Records =
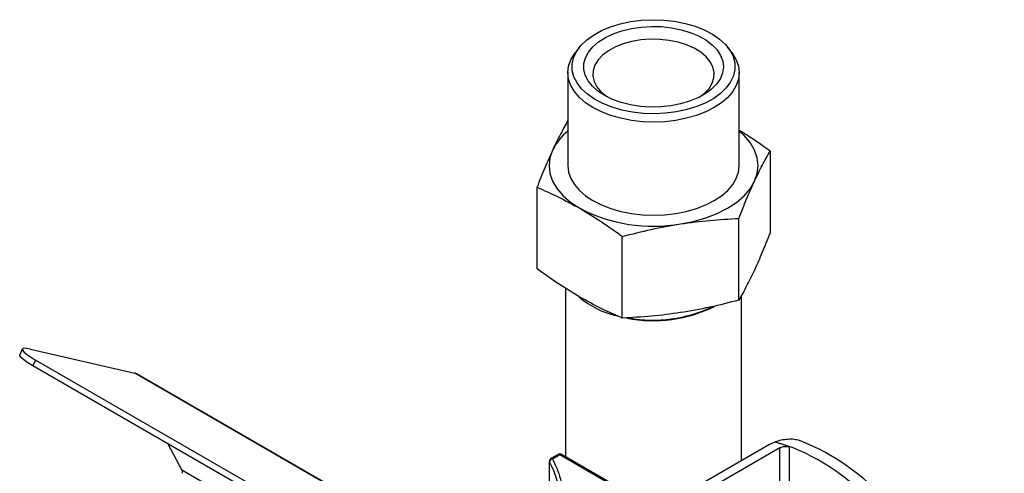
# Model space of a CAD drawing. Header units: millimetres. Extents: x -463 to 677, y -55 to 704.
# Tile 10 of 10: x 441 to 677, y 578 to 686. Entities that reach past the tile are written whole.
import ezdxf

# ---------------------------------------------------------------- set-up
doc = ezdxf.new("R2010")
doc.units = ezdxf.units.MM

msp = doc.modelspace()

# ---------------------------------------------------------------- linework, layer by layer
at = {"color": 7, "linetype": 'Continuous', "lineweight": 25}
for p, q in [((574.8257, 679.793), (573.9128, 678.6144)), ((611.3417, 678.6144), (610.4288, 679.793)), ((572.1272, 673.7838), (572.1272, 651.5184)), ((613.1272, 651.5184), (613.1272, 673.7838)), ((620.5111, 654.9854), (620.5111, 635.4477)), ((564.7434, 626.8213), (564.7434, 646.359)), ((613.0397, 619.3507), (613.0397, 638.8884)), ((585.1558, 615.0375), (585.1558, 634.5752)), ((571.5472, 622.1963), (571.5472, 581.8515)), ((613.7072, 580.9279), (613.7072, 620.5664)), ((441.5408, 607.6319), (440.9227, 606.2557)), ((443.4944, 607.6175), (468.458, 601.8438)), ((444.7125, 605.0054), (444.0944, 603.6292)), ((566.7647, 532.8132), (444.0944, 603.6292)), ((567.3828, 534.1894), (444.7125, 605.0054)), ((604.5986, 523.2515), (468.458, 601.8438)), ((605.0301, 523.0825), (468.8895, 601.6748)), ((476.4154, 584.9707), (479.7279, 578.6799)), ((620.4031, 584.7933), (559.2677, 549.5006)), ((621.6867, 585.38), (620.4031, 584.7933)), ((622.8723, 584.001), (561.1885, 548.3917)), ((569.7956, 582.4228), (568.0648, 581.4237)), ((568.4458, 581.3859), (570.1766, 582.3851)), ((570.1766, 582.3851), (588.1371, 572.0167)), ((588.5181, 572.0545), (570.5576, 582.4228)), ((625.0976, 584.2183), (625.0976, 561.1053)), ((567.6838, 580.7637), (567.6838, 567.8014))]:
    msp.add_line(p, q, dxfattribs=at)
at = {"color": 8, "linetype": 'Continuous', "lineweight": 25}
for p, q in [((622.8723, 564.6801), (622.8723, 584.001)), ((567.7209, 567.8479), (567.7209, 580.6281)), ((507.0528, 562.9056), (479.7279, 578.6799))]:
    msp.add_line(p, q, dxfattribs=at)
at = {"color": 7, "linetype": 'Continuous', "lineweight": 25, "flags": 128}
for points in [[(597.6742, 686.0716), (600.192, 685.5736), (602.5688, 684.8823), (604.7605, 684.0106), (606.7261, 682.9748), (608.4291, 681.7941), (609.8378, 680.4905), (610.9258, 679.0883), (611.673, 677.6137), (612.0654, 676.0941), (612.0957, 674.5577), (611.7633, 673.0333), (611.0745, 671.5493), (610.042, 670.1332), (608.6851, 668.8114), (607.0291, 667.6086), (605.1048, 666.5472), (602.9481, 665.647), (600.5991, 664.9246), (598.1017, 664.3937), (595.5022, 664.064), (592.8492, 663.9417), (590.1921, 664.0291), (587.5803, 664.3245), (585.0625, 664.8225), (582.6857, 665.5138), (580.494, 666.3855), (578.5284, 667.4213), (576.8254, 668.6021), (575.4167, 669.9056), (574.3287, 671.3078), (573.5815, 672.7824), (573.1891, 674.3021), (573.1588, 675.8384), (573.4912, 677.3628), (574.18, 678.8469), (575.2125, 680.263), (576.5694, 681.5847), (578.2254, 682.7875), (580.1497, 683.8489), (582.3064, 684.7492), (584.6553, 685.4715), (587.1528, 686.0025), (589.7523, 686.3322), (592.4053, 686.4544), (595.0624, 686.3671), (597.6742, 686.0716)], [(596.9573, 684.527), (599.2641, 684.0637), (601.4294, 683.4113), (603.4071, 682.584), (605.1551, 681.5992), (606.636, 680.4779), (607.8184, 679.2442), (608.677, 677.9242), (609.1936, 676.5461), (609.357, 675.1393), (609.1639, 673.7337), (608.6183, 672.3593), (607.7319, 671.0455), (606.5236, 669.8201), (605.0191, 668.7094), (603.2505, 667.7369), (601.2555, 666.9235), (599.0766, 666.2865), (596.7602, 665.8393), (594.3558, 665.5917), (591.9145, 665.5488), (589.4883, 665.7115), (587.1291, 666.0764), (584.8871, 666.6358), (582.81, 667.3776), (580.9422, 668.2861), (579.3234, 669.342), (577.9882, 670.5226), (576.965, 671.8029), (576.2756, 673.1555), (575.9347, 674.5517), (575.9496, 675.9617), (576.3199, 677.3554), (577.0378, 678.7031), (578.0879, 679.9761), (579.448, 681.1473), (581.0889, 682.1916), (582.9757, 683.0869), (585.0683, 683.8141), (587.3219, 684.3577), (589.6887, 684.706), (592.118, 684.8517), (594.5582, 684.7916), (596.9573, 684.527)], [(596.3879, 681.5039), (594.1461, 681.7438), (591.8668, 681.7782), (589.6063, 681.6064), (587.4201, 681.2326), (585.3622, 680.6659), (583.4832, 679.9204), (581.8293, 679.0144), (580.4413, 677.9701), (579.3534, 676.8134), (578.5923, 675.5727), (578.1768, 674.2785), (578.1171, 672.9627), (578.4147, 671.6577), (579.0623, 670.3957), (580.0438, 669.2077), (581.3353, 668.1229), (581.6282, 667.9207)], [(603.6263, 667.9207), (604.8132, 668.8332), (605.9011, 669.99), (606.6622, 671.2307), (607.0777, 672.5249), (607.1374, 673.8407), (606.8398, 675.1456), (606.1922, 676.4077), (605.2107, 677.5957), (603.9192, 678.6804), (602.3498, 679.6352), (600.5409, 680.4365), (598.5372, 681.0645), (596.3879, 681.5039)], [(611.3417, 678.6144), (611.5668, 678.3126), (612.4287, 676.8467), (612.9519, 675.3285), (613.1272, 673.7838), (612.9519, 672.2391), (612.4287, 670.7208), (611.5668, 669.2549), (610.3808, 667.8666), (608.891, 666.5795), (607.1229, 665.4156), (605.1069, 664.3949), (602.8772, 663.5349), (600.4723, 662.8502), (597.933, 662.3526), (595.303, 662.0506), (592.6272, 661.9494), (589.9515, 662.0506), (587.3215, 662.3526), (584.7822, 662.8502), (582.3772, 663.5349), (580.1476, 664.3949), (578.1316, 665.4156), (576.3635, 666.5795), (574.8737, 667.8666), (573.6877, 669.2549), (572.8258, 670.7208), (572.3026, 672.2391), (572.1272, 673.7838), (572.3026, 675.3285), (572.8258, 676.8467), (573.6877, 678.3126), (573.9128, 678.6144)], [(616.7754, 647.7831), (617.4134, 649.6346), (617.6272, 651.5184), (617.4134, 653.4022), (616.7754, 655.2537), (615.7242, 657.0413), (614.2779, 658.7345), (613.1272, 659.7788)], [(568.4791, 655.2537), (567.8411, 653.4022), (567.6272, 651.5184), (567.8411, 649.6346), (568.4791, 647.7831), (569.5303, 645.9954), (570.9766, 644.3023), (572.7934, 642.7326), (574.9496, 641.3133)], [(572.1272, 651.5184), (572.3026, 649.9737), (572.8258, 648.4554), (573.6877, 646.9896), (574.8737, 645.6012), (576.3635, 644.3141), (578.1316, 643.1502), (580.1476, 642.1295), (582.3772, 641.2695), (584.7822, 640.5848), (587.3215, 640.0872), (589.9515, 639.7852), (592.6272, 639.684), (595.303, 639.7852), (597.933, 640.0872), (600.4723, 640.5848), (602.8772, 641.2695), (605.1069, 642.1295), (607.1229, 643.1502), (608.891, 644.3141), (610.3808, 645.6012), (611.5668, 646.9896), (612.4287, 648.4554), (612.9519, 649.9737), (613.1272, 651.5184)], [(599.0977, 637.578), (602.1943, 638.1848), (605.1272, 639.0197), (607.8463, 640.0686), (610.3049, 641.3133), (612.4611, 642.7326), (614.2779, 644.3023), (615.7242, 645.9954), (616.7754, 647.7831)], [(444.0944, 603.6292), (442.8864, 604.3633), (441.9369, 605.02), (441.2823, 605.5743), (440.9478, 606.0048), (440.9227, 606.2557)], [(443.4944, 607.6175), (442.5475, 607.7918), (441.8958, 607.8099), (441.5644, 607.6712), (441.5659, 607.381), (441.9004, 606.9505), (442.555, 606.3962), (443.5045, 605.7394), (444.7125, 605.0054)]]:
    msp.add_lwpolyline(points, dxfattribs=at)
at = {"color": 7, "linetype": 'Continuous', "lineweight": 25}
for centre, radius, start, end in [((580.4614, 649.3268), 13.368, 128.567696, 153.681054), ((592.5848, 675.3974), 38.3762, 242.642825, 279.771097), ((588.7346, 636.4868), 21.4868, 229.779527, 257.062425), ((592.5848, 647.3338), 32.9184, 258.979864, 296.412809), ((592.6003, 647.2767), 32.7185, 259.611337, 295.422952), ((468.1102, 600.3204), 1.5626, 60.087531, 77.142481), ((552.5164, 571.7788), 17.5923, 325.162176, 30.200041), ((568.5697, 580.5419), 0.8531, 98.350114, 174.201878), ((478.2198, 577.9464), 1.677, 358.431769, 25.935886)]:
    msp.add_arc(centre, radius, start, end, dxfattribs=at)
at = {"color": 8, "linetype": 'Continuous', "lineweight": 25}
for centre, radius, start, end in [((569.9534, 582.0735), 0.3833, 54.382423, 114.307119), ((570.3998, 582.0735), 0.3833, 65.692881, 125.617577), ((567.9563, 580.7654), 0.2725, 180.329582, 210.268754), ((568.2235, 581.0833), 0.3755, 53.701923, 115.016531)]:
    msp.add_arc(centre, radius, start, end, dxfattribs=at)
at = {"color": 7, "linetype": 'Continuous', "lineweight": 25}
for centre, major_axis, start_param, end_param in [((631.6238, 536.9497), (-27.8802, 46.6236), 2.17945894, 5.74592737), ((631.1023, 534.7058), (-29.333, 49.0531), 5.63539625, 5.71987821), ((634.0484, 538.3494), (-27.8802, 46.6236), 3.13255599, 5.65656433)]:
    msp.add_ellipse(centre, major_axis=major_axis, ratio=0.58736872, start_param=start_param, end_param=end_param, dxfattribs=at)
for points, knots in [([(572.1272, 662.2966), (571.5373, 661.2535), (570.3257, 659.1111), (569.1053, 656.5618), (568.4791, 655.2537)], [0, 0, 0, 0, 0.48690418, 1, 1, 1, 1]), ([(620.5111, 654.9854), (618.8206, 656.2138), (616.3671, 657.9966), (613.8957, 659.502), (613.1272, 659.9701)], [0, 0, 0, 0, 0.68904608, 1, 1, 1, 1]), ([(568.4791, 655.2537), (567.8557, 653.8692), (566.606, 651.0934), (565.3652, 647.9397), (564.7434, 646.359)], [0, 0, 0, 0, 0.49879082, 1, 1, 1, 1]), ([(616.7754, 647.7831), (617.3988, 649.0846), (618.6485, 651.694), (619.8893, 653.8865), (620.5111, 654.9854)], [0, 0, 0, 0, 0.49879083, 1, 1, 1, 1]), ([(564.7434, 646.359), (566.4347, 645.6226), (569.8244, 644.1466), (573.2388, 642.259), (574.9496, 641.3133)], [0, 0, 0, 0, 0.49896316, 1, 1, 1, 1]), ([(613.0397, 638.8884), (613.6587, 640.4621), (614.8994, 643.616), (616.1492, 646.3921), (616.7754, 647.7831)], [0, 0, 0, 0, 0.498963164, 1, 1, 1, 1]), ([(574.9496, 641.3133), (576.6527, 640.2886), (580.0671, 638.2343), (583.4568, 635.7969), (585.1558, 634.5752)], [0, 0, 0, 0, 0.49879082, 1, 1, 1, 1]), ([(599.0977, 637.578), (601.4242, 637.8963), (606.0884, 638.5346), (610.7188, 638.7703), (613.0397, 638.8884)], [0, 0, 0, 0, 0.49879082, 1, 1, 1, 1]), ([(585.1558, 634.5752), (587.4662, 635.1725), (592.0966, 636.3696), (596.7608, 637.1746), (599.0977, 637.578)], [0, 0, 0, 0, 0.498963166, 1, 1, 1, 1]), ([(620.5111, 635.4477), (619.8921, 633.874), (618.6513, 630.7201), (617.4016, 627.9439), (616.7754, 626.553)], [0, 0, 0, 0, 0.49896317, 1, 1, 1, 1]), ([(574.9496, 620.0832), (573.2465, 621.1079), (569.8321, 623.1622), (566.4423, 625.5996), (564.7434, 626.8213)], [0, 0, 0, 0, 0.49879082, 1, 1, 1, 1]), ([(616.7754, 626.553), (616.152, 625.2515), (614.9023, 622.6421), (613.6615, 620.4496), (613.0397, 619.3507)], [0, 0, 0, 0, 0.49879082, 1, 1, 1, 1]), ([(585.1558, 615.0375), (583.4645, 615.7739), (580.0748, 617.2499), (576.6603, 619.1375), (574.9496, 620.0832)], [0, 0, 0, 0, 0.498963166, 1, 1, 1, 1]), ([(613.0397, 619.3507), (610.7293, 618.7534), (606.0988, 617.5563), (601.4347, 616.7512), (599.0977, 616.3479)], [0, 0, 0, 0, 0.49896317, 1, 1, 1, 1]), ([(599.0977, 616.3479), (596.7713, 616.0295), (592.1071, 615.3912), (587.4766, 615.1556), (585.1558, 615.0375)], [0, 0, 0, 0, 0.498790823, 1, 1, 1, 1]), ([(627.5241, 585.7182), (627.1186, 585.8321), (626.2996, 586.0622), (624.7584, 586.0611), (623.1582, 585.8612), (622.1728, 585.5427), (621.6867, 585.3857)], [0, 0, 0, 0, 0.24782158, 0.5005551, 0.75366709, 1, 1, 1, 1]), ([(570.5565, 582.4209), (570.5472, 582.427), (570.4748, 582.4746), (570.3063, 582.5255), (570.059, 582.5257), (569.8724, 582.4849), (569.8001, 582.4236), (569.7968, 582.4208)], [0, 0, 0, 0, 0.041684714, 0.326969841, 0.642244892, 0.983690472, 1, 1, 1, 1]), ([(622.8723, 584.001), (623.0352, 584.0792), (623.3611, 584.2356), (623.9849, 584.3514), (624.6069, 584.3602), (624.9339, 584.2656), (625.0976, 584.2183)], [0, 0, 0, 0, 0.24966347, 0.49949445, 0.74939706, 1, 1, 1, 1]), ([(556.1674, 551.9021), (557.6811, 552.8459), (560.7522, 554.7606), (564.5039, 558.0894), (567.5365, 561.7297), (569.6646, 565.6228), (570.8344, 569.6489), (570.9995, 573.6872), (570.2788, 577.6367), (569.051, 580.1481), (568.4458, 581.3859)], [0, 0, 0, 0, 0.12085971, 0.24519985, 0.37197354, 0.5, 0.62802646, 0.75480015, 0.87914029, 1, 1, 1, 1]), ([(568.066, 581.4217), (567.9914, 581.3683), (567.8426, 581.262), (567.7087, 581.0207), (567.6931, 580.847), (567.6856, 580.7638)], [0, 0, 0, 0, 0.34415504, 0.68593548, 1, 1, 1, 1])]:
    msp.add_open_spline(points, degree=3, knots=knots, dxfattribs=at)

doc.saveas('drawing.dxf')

Task prompt = In the listing above, find the line with "# Tile 10 of" and the line with "msp = doc.modelspace()", then print exactly those two lines and every line between them, and nothing more.

Completed task =
# Tile 10 of 10: x 441 to 677, y 578 to 686. Entities that reach past the tile are written whole.
import ezdxf

# ---------------------------------------------------------------- set-up
doc = ezdxf.new("R2010")
doc.units = ezdxf.units.MM

msp = doc.modelspace()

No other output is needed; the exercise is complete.